Let's be clear. This decadence isn't primarily about Roman Polanski or Silvio Berlusconi's playboy club or French culture minister Frederic Mitterrand's adventures in Thailand. Though these are not irrelevant.

This Nobel is about political decadence.

"Decadence," an enduring word, emerged from the Latin "de-cadere," which means "to fall down." Decadence stripped bare means decay.

When it was a vibrant garden of ideas, Europe gave the world more good things than one can count. Then it discovered the pleasures of the welfare state.

Old Europe now lives in a world of unpayable public pension obligations, weak job creation for its youngest workers, below-replacement birth rates, fat agricultural subsidies for farms dating to the Middle Ages, high taxes to pay for the public high-life, and history's most crucial proof of decay—the inability to finance one's armies. Only five of the 28 nations in NATO (the U.K., France, Turkey, Greece and Spain) achieve the minimum defense-spending benchmark of 2% of GDP.

The effect of arriving at a state of political decadence, of no longer being able to rise in the world, is that many people increasingly discover that soft moralism is a more congenial pastime than producing answers for the hard questions. As when David Cameron, the Tory leader and likely next British prime minister wonders: "The insatiable consumption and materialism of the past decade; has it made us happier or more fulfilled?"

This isn't to say that soft moralism is about nothing. But when matters such as climate change become life's primary concerns, it means one is going to spend more time preaching, which is easy, than doing, which is hard. One thinks of Nobelist Al Gore's unstoppable sermons.

Among the hardest questions Europe faced after World War II was the placement of anti-Soviet Pershing missiles on Europe's soil in 1983. Led by Helmut Kohl and Maggie Thatcher, Europe did something hard: It overcame its pacifists. A decade later, with the siege of Sarajevo, old Europe came to understand that making the hardest decisions was now beyond its reach.

Current hard questions include Pakistan and Afghanistan. Darfur is a hard question. Where to hold captured terrorists is a hard question.

Americans heard often the past four years how much Europe "hated" us because of that most complex of hard questions, the Iraq war. Unpopular wars cause bad feelings to be sure, but past some point Europe's antipathy toward the U.S. over Iraq began to sound a lot like moralistic decadence. It is a neurotic resentment of a superpower merely because it possesses the resources to do something Europe can no longer do, for good or ill.


Norwegian Nobel Committee Chairman Thorbjoern Jagland
.What we are in the process of discovering is just how much President Obama's worldview coincides with that of the continent that claims to have seen itself reflected in him and its Peace Prize.

Mr. Obama is at a crossroads in his presidency. As George W. Bush departed the White House, he said his successor would one day arrive at the need to make a decision that made clear the reality of being the American president.

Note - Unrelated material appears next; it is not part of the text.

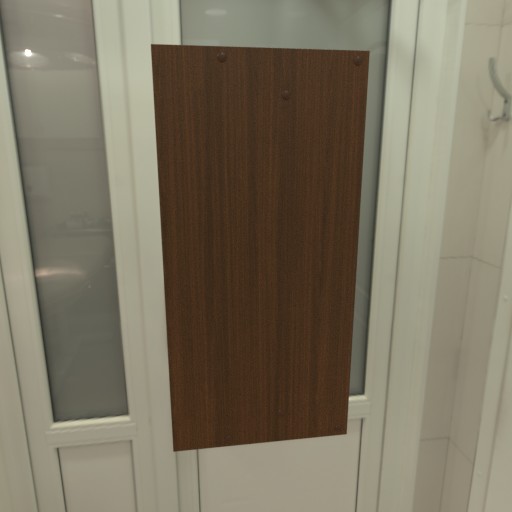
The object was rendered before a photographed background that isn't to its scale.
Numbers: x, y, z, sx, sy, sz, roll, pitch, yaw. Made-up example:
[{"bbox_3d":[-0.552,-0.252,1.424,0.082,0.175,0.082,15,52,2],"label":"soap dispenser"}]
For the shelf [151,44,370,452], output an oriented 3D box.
[{"bbox_3d":[0.000,0.000,0.723,0.290,0.600,0.147,-2,15,-8],"label":"shelf"}]

That moment has arrived. It is the pending troop-deployment for Afghanistan, a very hard decision.

After that, Mr. Obama will go to Oslo Dec. 10 to receive the Prize itself. That will occur in the middle of the Dec. 7-18 United Nations Climate Conference in Copenhagen, whose goal is among the explicit reasons why Mr. Obama was given the Nobel Peace Prize.

Between Afghanistan and Oslo, we're going to get some clarity about the Obama presidency.

Perhaps the most intriguing onlooker to this education is European Nicolas Sarkozy. On his good days, France's president seems aware of the political and economic decay he has inherited. So it was striking at the United Nations last month when Mr. Sarkozy said that Mr. Obama "dreams of a world without nuclear arms." Then, describing Iran's nuclear threat, he said, "At a certain moment hard facts will force us to make decisions."

By "us" he means that the U.S. must lead. In the West, only the U.S. president can still make decisions based on hard facts rather than recede into soft moralism. The day that is no longer true, the U.S. will finally deserve a decadent Nobel.